Given data:
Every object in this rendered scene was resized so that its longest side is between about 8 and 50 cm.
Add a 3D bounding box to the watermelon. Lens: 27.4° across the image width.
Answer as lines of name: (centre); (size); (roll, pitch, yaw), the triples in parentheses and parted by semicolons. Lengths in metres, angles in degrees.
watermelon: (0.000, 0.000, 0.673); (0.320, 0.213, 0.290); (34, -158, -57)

==

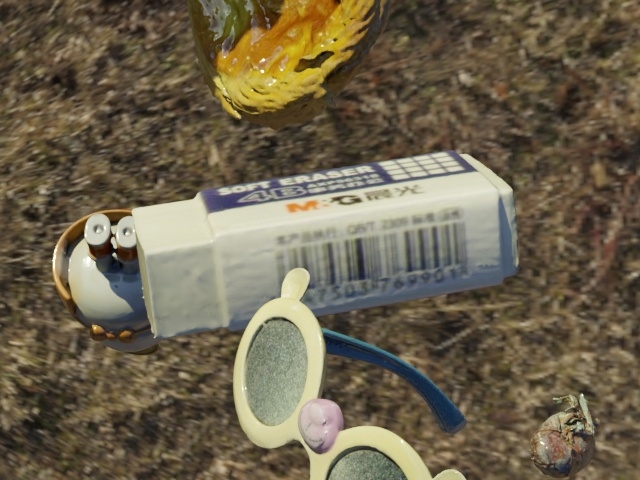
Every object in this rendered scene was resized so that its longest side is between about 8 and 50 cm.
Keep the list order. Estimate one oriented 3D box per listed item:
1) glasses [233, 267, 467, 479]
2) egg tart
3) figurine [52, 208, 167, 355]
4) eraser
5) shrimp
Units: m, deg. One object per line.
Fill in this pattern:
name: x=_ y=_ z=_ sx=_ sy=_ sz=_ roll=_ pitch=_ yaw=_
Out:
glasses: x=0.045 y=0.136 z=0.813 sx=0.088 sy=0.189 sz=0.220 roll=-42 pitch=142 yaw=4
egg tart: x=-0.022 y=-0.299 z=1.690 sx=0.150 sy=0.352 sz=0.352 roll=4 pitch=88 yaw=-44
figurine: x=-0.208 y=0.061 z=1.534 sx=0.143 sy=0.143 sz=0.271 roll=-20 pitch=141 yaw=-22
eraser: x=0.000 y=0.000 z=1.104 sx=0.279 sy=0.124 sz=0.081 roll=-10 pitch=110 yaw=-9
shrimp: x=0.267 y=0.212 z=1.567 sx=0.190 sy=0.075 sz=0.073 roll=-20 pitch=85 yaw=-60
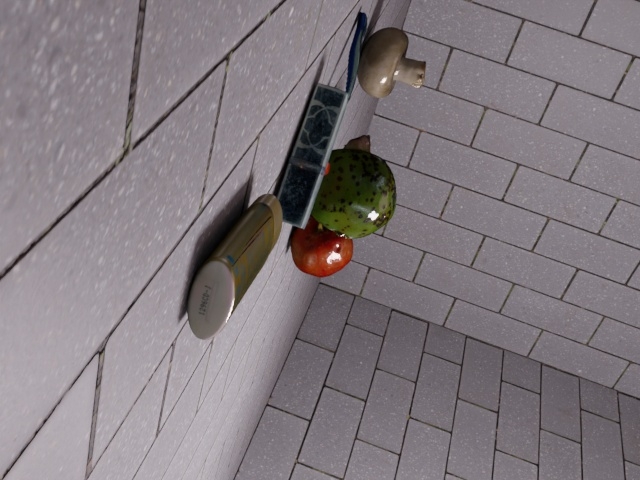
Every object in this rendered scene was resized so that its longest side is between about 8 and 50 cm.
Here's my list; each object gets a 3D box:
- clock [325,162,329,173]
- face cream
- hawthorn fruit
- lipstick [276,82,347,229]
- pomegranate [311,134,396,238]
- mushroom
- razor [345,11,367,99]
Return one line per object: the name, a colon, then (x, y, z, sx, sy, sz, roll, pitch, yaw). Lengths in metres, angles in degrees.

==

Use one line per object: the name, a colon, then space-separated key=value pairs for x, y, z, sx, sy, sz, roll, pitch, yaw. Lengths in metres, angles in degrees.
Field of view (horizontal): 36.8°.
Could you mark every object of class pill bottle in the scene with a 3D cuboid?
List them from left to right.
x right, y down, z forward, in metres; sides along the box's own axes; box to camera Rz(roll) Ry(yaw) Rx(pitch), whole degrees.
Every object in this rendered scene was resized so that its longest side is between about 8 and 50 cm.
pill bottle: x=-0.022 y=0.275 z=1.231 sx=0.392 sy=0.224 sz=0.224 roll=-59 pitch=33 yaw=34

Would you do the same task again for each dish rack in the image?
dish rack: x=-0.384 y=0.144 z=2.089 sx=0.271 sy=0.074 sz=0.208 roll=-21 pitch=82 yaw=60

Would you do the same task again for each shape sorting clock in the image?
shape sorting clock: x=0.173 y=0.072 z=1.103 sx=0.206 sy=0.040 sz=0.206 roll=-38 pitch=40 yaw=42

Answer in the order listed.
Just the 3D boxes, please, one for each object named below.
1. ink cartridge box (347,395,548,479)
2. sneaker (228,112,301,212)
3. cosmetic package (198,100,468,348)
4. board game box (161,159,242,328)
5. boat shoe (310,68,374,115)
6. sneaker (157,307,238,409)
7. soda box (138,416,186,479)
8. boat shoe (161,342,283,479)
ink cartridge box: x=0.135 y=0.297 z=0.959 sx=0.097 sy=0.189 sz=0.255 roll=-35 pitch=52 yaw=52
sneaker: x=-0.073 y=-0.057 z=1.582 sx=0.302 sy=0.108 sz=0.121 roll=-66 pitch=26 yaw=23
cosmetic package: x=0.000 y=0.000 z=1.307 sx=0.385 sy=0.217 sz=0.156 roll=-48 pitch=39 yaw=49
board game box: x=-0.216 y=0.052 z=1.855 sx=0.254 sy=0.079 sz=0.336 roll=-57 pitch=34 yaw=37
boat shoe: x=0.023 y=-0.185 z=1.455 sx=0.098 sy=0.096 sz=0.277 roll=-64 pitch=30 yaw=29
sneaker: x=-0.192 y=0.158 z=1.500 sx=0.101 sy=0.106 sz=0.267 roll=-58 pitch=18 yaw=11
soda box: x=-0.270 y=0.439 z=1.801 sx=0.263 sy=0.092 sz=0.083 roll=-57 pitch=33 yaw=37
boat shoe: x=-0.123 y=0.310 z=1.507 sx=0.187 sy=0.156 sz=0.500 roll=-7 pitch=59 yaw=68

What the task asks: If a line above includes the string "then", pick it out.

Exercise output:
Return one line per object: the name, a colon, then (x, y, z, sx, sy, sz, roll, pitch, yaw). Lengths in metres, angles in degrees.
Use one line per object: the name, a colon, then space-separated key=value pairs for x, y, z, sx, sy, sz, roll, pitch, yaw. Lengths in metres, angles in degrees.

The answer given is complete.